**Task to complete**
Pick each line containing the word "alphaTex" out of the data below.
□ □ □ □
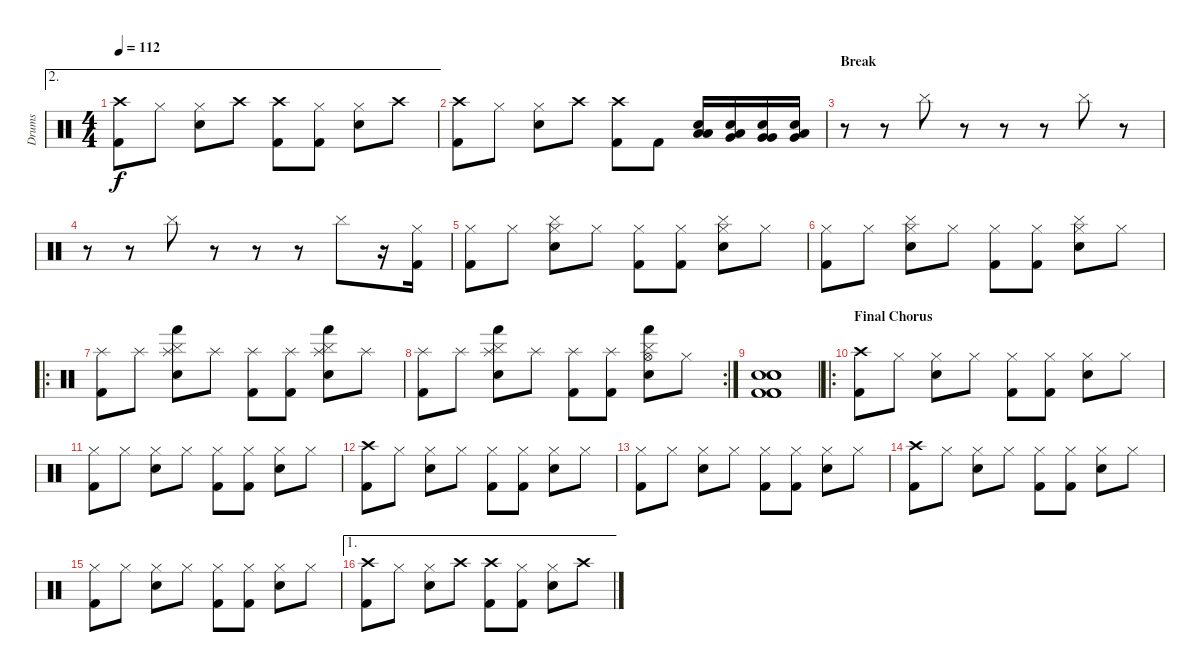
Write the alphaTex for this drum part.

\track ("Drums" "Drums") {instrument percussion}
\staff {score}
\articulation defaults
\ae 2
\ts (4 4)
\tempo 112
\clef neutral
\ks c
("Crash high (hit)" "Kick (hit) 2").8{dy f} "Hi-Hat (closed)".8 ("Hi-Hat (closed)" "Electric Snare (hit)").8 "Crash high (hit)".8 ("Crash high (hit)" "Kick (hit) 2").8 ("Hi-Hat (closed)" "Kick (hit) 2").8 ("Hi-Hat (closed)" "Electric Snare (hit)").8 "Crash high (hit)".8 |
("Crash high (hit)" "Kick (hit) 2").8 "Hi-Hat (closed)".8 ("Hi-Hat (closed)" "Electric Snare (hit)").8 "Crash high (hit)".8 ("Crash high (hit)" "Kick (hit) 2").8 "Kick (hit) 2".8 ("Low Tom (hit)" "Low Tom (hit)" "Electric Snare (hit)").16 ("Low Tom (hit)" "Very Low Tom (hit)" "Electric Snare (hit)").16 ("Very Low Tom (hit)" "Very Low Tom (hit)" "Electric Snare (hit)").16 ("Very Low Tom (hit)" "Low Floor Tom (hit)" "Electric Snare (hit)").16 |
\section ("" "Break")
r.8 r.8 "Cymbal (hit)".8 r.8 r.8 r.8 "Cymbal (hit)".8 r.8 |
r.8 r.8 "Cymbal (hit)".8 r.8 r.8 r.8 "Cymbal (hit)".8 r.16 ("Kick (hit) 2" "Hi-Hat (closed)").16 |
("Hi-Hat (closed)" "Kick (hit) 2").8 "Hi-Hat (closed)".8 ("Hi-Hat (closed)" "Cymbal (hit)" "Snare (hit) 2").8 "Hi-Hat (closed)".8 ("Hi-Hat (closed)" "Kick (hit) 2").8 ("Hi-Hat (closed)" "Kick (hit) 2").8 ("Hi-Hat (closed)" "Cymbal (hit)" "Snare (hit) 2").8 "Hi-Hat (closed)".8 |
("Hi-Hat (closed)" "Kick (hit) 2").8 "Hi-Hat (closed)".8 ("Hi-Hat (closed)" "Cymbal (hit)" "Snare (hit) 2").8 "Hi-Hat (closed)".8 ("Hi-Hat (closed)" "Kick (hit) 2").8 ("Hi-Hat (closed)" "Kick (hit) 2").8 ("Hi-Hat (closed)" "Cymbal (hit)" "Snare (hit) 2").8 "Hi-Hat (closed)".8 |
\ro
("Splash (hit)" "Kick (hit) 2").8 "Splash (hit)".8 ("Splash (hit)" "Hand (hit)" "Snare (hit) 2" "Cymbal (hit)").8 "Splash (hit)".8 ("Splash (hit)" "Kick (hit) 2").8 ("Splash (hit)" "Kick (hit) 2").8 ("Splash (hit)" "Cymbal (hit)" "Snare (hit) 2" "Hand (hit)").8 "Splash (hit)".8 |
\rc 2
("Splash (hit)" "Kick (hit) 2").8 "Splash (hit)".8 ("Splash (hit)" "Hand (hit)" "Snare (hit) 2" "Cymbal (hit)").8 "Splash (hit)".8 ("Splash (hit)" "Kick (hit) 2").8 ("Splash (hit)" "Kick (hit) 2").8 ("Hi-Hat (open)" "Cymbal (hit)" "Snare (hit) 2" "Hand (hit)").8 "Hi-Hat (closed)".8 |
("Snare (hit) 2" "Kick (hit) 2" "Snare (hit) 2" "Kick (hit) 2" "Snare (hit) 2" "Kick (hit) 2").1 |
\ro
\section ("" "Final Chorus")
("Crash high (hit)" "Kick (hit) 2").8 "Hi-Hat (closed)".8 ("Hi-Hat (closed)" "Electric Snare (hit)").8 "Hi-Hat (closed)".8 ("Hi-Hat (closed)" "Kick (hit) 2").8 ("Hi-Hat (closed)" "Kick (hit) 2").8 ("Hi-Hat (closed)" "Electric Snare (hit)").8 "Hi-Hat (closed)".8 |
("Hi-Hat (closed)" "Kick (hit) 2").8 "Hi-Hat (closed)".8 ("Hi-Hat (closed)" "Electric Snare (hit)").8 "Hi-Hat (closed)".8 ("Hi-Hat (closed)" "Kick (hit) 2").8 ("Hi-Hat (closed)" "Kick (hit) 2").8 ("Hi-Hat (closed)" "Electric Snare (hit)").8 "Hi-Hat (closed)".8 |
("Crash high (hit)" "Kick (hit) 2").8 "Hi-Hat (closed)".8 ("Hi-Hat (closed)" "Electric Snare (hit)").8 "Hi-Hat (closed)".8 ("Hi-Hat (closed)" "Kick (hit) 2").8 ("Hi-Hat (closed)" "Kick (hit) 2").8 ("Hi-Hat (closed)" "Electric Snare (hit)").8 "Hi-Hat (closed)".8 |
("Hi-Hat (closed)" "Kick (hit) 2").8 "Hi-Hat (closed)".8 ("Hi-Hat (closed)" "Electric Snare (hit)").8 "Hi-Hat (closed)".8 ("Hi-Hat (closed)" "Kick (hit) 2").8 ("Hi-Hat (closed)" "Kick (hit) 2").8 ("Hi-Hat (closed)" "Electric Snare (hit)").8 "Hi-Hat (closed)".8 |
("Crash high (hit)" "Kick (hit) 2").8 "Hi-Hat (closed)".8 ("Hi-Hat (closed)" "Electric Snare (hit)").8 "Hi-Hat (closed)".8 ("Hi-Hat (closed)" "Kick (hit) 2").8 ("Hi-Hat (closed)" "Kick (hit) 2").8 ("Hi-Hat (closed)" "Electric Snare (hit)").8 "Hi-Hat (closed)".8 |
("Hi-Hat (closed)" "Kick (hit) 2").8 "Hi-Hat (closed)".8 ("Hi-Hat (closed)" "Electric Snare (hit)").8 "Hi-Hat (closed)".8 ("Hi-Hat (closed)" "Kick (hit) 2").8 ("Hi-Hat (closed)" "Kick (hit) 2").8 ("Hi-Hat (closed)" "Electric Snare (hit)").8 "Hi-Hat (closed)".8 |
\ae 1
("Crash high (hit)" "Kick (hit) 2").8 "Hi-Hat (closed)".8 ("Hi-Hat (closed)" "Electric Snare (hit)").8 "Crash high (hit)".8 ("Crash high (hit)" "Kick (hit) 2").8 ("Hi-Hat (closed)" "Kick (hit) 2").8 ("Hi-Hat (closed)" "Electric Snare (hit)").8 "Crash high (hit)".8
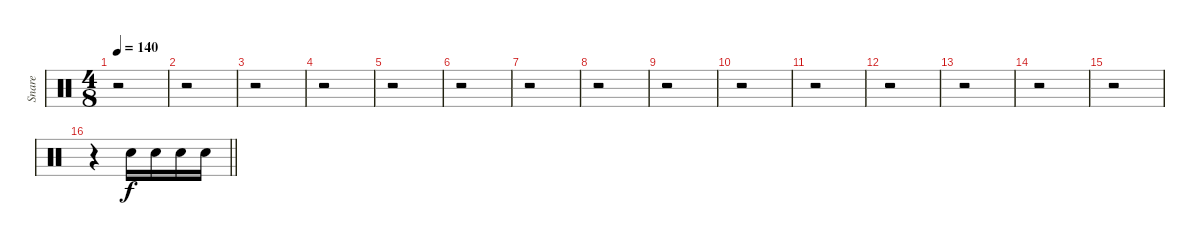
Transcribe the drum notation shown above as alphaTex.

\track ("Snare" "Snare") {instrument percussion}
\staff {score}
\articulation defaults
\ts (4 8)
\tempo 140
\clef neutral
\ks c
r.2{dy f} |
r.2 |
r.2 |
r.2 |
r.2 |
r.2 |
r.2 |
r.2 |
r.2 |
r.2 |
r.2 |
r.2 |
r.2 |
r.2 |
r.2 |
\barLineRight lightlight
r.4 "Snare (hit) 2".16 "Snare (hit) 2".16 "Snare (hit) 2".16 "Snare (hit) 2".16
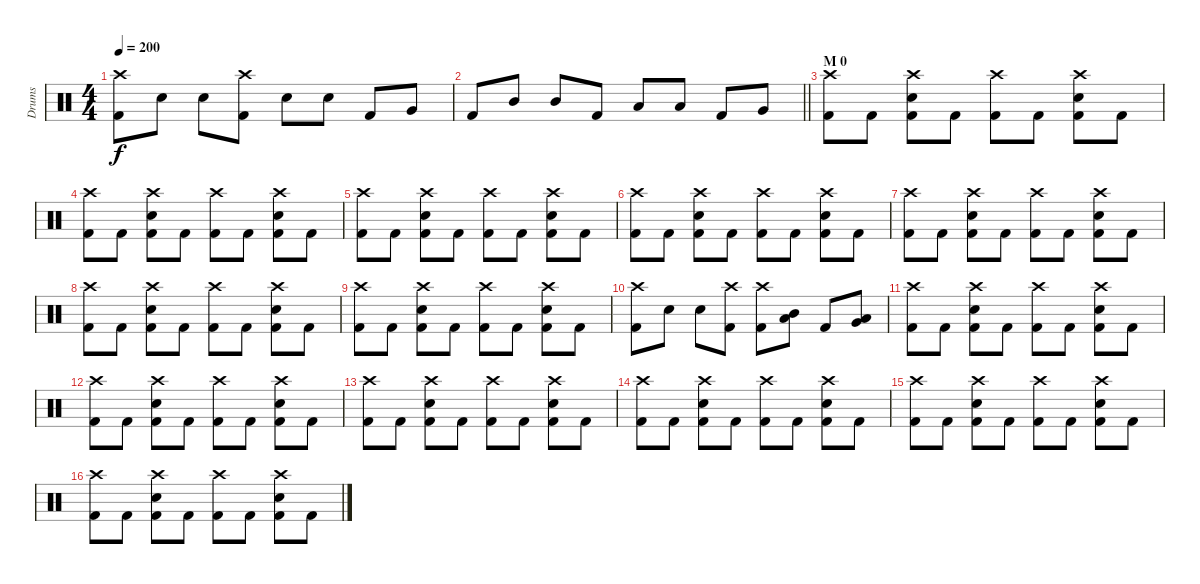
□ □ □ □
**Response to this exercise**
Write the alphaTex for this drum part.
Transcribe the drum notation shown above as alphaTex.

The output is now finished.